I have no idea what you are talking about. If you have some problem with my argument you could try making an argument for whatever your point of view is.
This exactly. If someone were to strongly argue that it was racism which was the reason for bombing Japan, they are talking out of their ass. TriPolar has not made that argument, but reports that there are people who do.
No one is claiming that there was no anti-Japanese racism in WWII. That’s an absurd straw-man.
There certainly was. Look at war-era propaganda.
What’s actually being denied is that racism was involved in the decision to end the war conclusively, or in dropping nuclear weapons. Since the bombs were set to be dropped on Germany, if they hadn’t been defeated already, the racism charge is vacuous.
This was not because of the Niihau Incident, it was pure racism. Don’t whitewash it.
My argument is that the racism did not play a part in the planning for the end of the war, nor had anything to do with the decision to firebomb the cities or drop the two atomic bombs.

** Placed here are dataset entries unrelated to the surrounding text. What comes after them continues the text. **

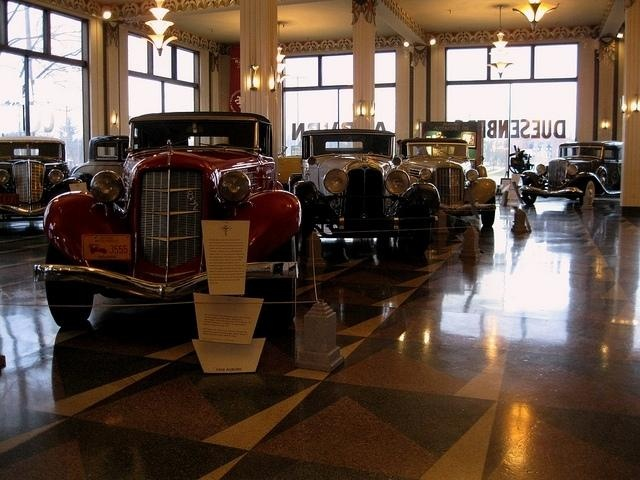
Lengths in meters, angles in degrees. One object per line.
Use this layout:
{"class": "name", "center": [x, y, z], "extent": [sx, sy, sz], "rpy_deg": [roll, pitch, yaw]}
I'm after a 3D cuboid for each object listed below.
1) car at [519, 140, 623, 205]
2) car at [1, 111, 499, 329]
{"class": "car", "center": [7.822, -2.053, 14.655], "extent": [3.858, 1.695, 2.022], "rpy_deg": [-8, 11, -37]}
{"class": "car", "center": [-0.502, -0.421, 4.949], "extent": [2.206, 1.667, 4.494], "rpy_deg": [5, 11, 28]}

It looks like the OP is long gone, but one answer to why it was necessary to force Japan to surrender sooner than later was the number of Allied civilian deaths. If you include deaths from famine and disease which could have been prevented had the Japanese not been occupying their counties, something like 100,000 Allied civilians (the majority of which were Chinese) were dying weekly.

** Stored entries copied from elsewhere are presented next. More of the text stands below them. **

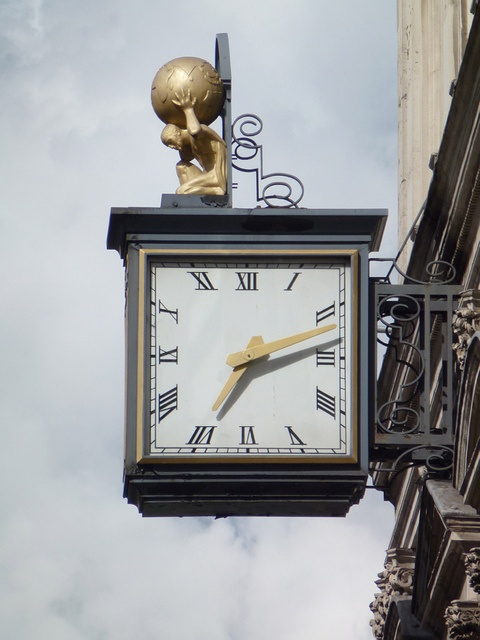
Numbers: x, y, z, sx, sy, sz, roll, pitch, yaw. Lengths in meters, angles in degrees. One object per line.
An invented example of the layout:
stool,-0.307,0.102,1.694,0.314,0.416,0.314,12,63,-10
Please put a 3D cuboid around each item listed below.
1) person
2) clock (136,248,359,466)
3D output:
person,-0.436,-1.455,22.427,0.427,1.021,0.446,-4,-18,-8
clock,0.025,0.282,21.275,1.912,2.462,0.196,1,-42,-1
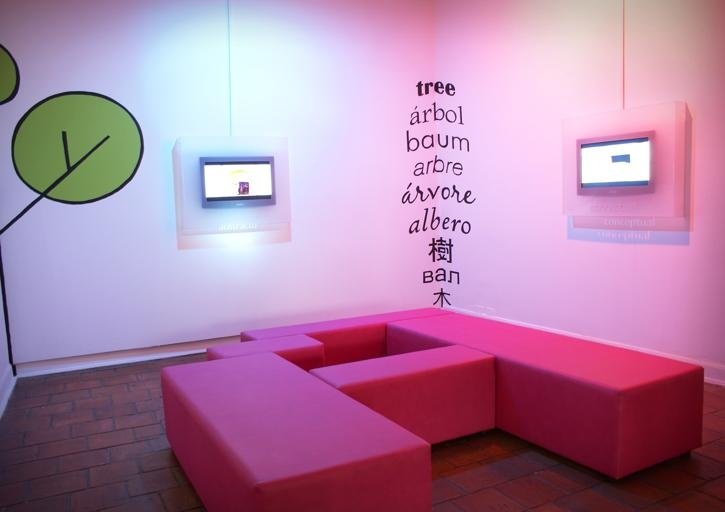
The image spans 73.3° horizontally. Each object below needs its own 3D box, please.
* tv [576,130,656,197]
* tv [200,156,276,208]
[{"bbox_3d":[2.411,-0.873,4.606,0.676,0.576,0.074,3,8,45],"label":"tv"},{"bbox_3d":[-1.422,-0.827,5.411,0.581,0.419,0.063,-2,4,-26],"label":"tv"}]

Had the bombs not been available, the Soviets not entered the war and the worst case of martial law in Japan, another 5 to 10 million people would likely have died.
It was not a pretty war, and the Allies had to do many ugly things in order to prevent even uglier atrocities.
I had relatives who died fighting in the Pacific. I was also married to a Japanese, and both of my ex-parents-in-law survived the firebombings of Tokyo. My ex-MIL’ family went one way in their escape and their neighbors went another. The neighbors didn’t survive. As the oldest son, my ex-FIL threw the yet unexploded napalm bomb out of their makeshift shelter in their backyard. It blew up minutes later in the street.
I had a great friend who survived the bomb at Nagasaki. (I lived less than a mile from the epicenter.) The father of one girlfriend was a Zero pilot who did make it through the war.
After first spending time there in 1981, I lived in Japan for a total of more than 25 years, and watched TV programs giving the Japanese side to the events as well as studying from the American side.
Given the situation on August 6th, 1945, and especially looking at how things played out after, as horrible as it was, it was a necessary evil, a few shared by many Japanese leaders and scholars.
I’m still here. Thanks for your long, detailed feedback.
My view that may seem bizarre, but I think the A-bombings were 100% justified while the Operation Meetinghouse firebombing of Tokyo was a sadistic atrocity and unjustified. Even though both killed tens of thousands.
Actually there were plenty of German and Italian nationals locked up and sent to concentration camps on very flimsy grounds, though obviously not to the extent that Japanese Americans were.
Indeed? We had German POW camps and Japanese Internment camps in Arkansas, but I never heard of camps for Germans or Italians. Were German or Italian nationals imprisoned in existing Federal prisons?